A denúncia das acusações «completamente inventadas», «exageradas» e «falsas» contra o pontífice, salvaguardando, todavia o direito a criticá-lo, é a raiz de onde nasce o livro “Fake pope – As falsas notícias acerca do papa Francisco”, dos jornalistas italianos Nello Scavo e Roberto Beretta, que a Paulinas Editora lançou esta segunda-feira nas livrarias, obra a que o Secretariado Nacional da Pastoral da Cultura já tinha feito referência há precisamente um ano, aquando do seu lançamento mundial em Itália, e de que apresenta agora três excertos.
«As fake news recolocam no centro o tema da verdade, caro ao cristianismo tradicional; desta vez, porém, a resposta certa não é transmitir novas seguranças intangíveis, dogmáticas, rígidas, à prova de falsidade, mas educar para uma busca e verificação contínuas», escrevem os autores na introdução, depois de mencionarem a «série infindável de censuras e reprimendas, invetivas e até insultos que lhe têm sido dirigidos, graças à carga imensa de fantasias e também de infâmias que é a rede com os seus braços sociais».
«O passado “desaparecido”, «De Bergoglio a Francisco – O papa “emérito” e o papa “inválido”», «“Poderes fortes” à conquista de Roma – A quem incomoda o papa vindo do outro mundo», «Uma cúria que precisa de ser curada – Os venenos que o pontífice encontrou em sua casa», «Pobre Francisco – Quando fazer a caridade se torna uma culpa», «Uma Cruz sobre o diálogo – Ecumenismo e religiões, o papa vergastado», «Campeão sem valores? Bergoglio às voltas com os “gays”, a ideologia de género, os pró-vida e o LGBT», «Papa, papa das minhas tramas… - Freud, Soros, Marx: Francisco examinado pelos complotistas», «O mestre sobre o “ex cathedra” – Se nem sequer os fiéis o conseguem entender», «Mentiras e só mentiras – Sob a cúpula petrina, uma onda de notícias infundadas», «Um papa que já não é “infalível” – Onde é que Francisco falhou» e «Clericais versus lobby “gay”» constituem os capítulos deste livro.

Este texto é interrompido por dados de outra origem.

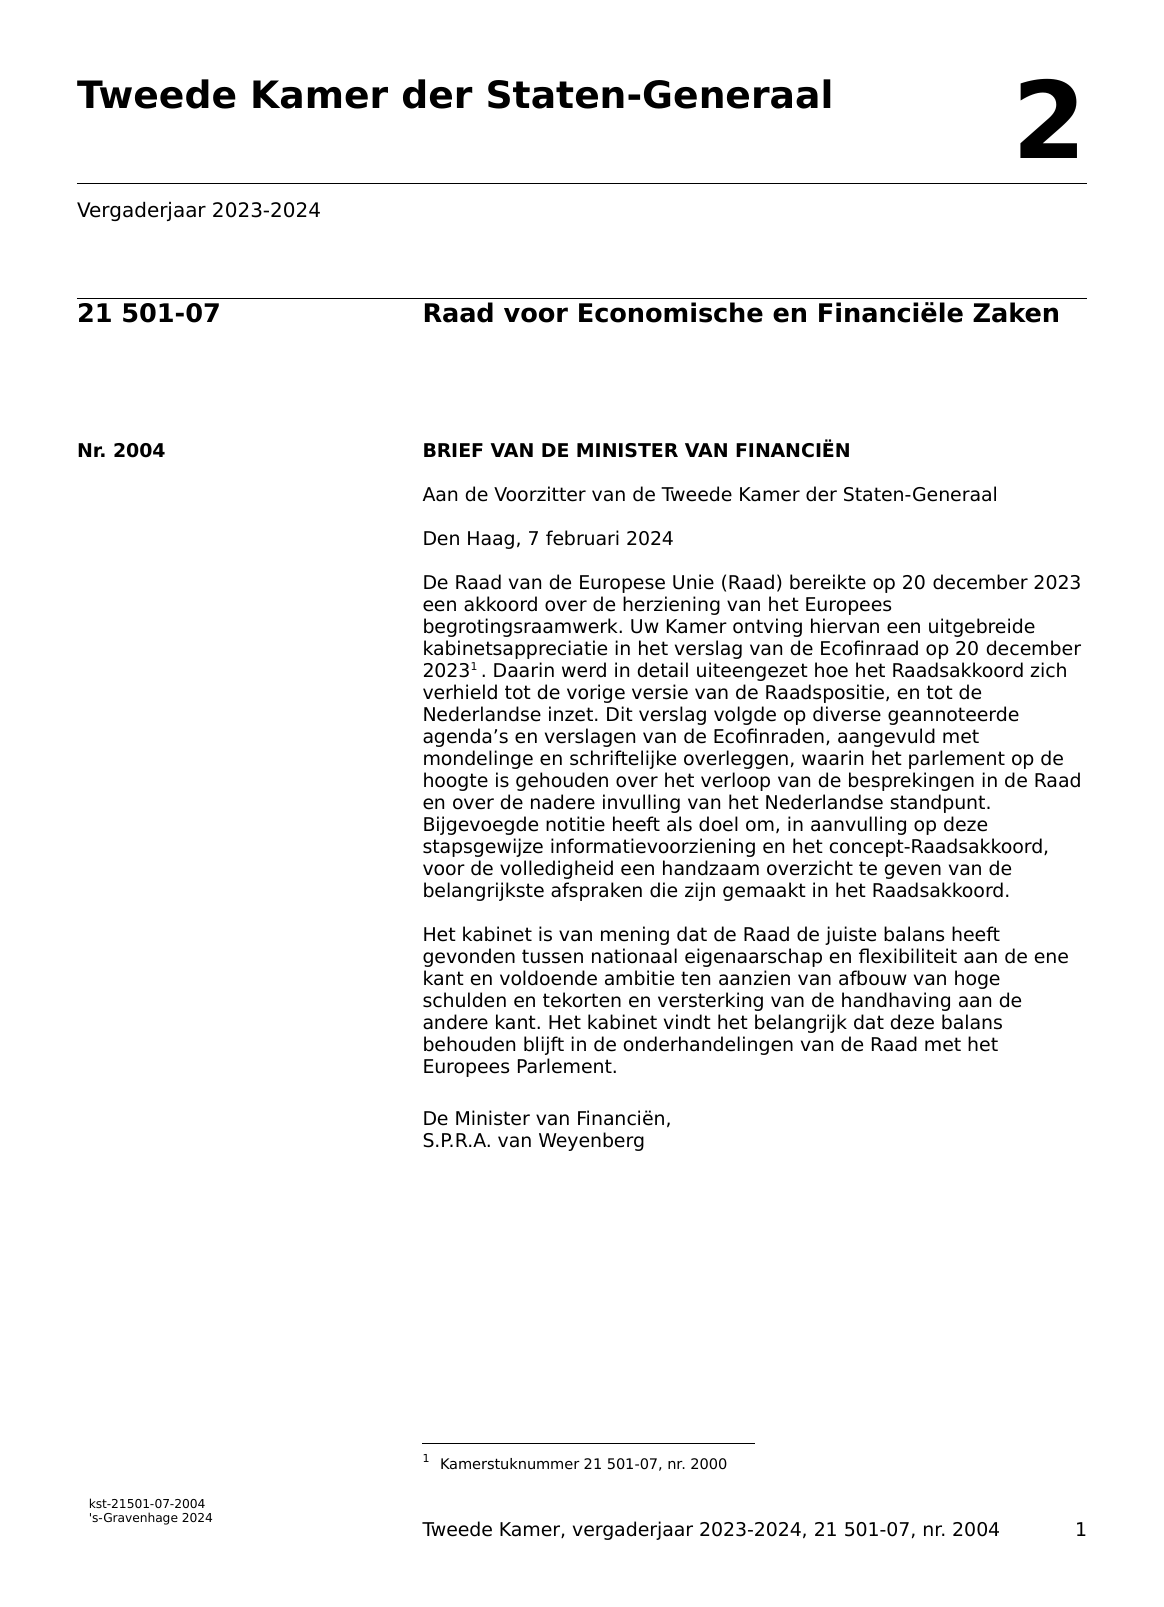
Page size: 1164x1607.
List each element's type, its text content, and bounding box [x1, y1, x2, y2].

Nello Scavo vai estar em Portugal para falar à imprensa sobre o volume e para participar em três encontros abertos ao público relativos ao livro e aos temas que coloca: a 30 de maio, às 17h00, em Lisboa (auditório da Renascença) integra a mesa redonda “Esta é a rede que queremos”; a 1 de junho, em Bragança, às 10h00, profere a conferência “Fake news – Uma ameaça à democracia e à família humana”; e no dia seguinte apresenta a obra no auditório da Feira do Livro de Lisboa, às 19h00.
Veste sotaina, mas é contra as mulheres
Nello Scavo, Roberto Beretta
In “Fake pope”
«A esquerda gosta de considerar Francisco como Papa progressista, por vezes até no que diz respeito às relações entre homem e mulher. Em meu entender, é uma imagem ilusória. Sob aparências encantadoras, ele segue, de facto, uma política de domínio em detrimento sobretudo das mulheres e das minorias sexuais. O papa Francisco dirige uma instituição que promove um regime de apartheid contra as mulheres de profundos efeitos nefastos sobre a vida e os direitos das mulheres em qualquer parte do mundo, dentro e fora da Igreja católica.» (Denine Couture, teóloga da Universidade de Montreal)

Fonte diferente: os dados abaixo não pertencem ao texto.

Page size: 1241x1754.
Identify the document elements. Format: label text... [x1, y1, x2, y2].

«A sua abertura às mulheres é acompanhada por uma visão tradicional da mulher. Pior ainda: tal como o seu predecessor, o papa Francisco considera o feminismo um mal, bem como, naturalmente, a teologia feminista.» (Louise MélançonOUISE, Instituto Católico de Paris)
«Menospreza o papel das mulheres na Igreja», ou então, «quer o sacerdócio feminino.» Oscila entre estes dois extremos – na verdade, muito distantes – o juízo sobre o feminismo» do papa Francisco.

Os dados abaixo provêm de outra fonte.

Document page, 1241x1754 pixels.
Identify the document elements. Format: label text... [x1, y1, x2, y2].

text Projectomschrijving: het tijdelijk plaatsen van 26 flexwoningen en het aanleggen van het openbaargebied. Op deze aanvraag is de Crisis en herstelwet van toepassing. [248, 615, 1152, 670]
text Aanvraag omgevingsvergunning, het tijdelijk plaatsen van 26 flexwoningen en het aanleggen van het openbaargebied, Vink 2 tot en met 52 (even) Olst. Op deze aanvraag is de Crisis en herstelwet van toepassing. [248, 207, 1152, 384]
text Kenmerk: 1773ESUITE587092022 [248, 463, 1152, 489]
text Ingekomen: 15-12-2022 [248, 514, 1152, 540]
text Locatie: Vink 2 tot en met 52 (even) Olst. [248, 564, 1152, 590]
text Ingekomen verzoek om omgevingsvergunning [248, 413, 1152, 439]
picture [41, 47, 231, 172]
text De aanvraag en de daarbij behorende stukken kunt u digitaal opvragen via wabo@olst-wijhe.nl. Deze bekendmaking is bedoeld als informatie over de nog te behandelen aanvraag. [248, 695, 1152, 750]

Contudo, queremos ater-nos aos factos reais e notamos, antes de mais, que são numerosas, contínuas e até galantes as declarações positivas de Bergoglio sobre o papel das mulheres, na Igreja e fora dela. As mulheres «são como morangos à sobremesa: nunca são demais!» São «a coisa mais bela que Deus fez». E ainda: «Maria, uma mulher, é mais importante do que os Apóstolos, é mais importante do que os Bispos e do que os Padres!». «Também gosto de pensar que a Igreja não é “o” Igreja, é “a” Igreja. A Igreja é mulher, é mãe, e isto é maravilhoso». «A Igreja é feminina. A Igreja não pode ser ela própria sem a mulher e o papel desta. A mulher é imprescindível para a Igreja.»
O paradoxo é que todas estas declarações sobre um certo público feminino (mas não só), em vez de gerarem disposições positivas, têm produzido o efeito oposto: no mínimo, são consideradas uma captatio benevolentiae, quando não são uma exposição de gentilezas que na realidade oculta o habitual: a submissão feminina ao homem, a negação da desejada paridade entre os sexos – a mulher-beleza, a mulher-ornamento, obviamente, a mulher-mãe, mas… nada mais. E, com efeito – observam os críticos –, Bergoglio reiterou o não dos predecessores ao sacerdócio das mulheres: «Disse-o João Paulo II, mas como uma formulação definitiva. Essa porta está fechada.»
Na verdade, o Papa argentino parece ter ultrapassado um pouco a tradicional formulação católica: «O papel da mulher na Igreja não se deve restringir ao papel de mãe, de trabalhadora, limitada… Não! É outra coisa! Não se pode entender uma Igreja sem mulheres, mas mulheres ativas na Igreja, com o seu perfil, que levam a Igreja por diante.» Também declarou que as mulheres devem ter papéis mais importantes na Igreja: «O génio feminino é necessário nos lugares em que se tomam as decisões importantes. O desafio, hoje, é precisamente este: refletir sobre o lugar específico da mulher, inclusive precisamente ali, onde se exerce a autoridade nos vários âmbitos da Igreja»; e, com efeito, tem colocado muitas em lugares importantes no Vaticano (precisando, aliás: «Quando eu digo que é importante que as mulheres sejam mais tidas em conta na Igreja, não é apenas para lhes atribuir uma função de secretária em determinado dicastério: isso é variável. Não: para que elas nos digam de que modo sentem e olham a realidade, porque as mulheres olham a partir de uma riqueza diferente, maior»).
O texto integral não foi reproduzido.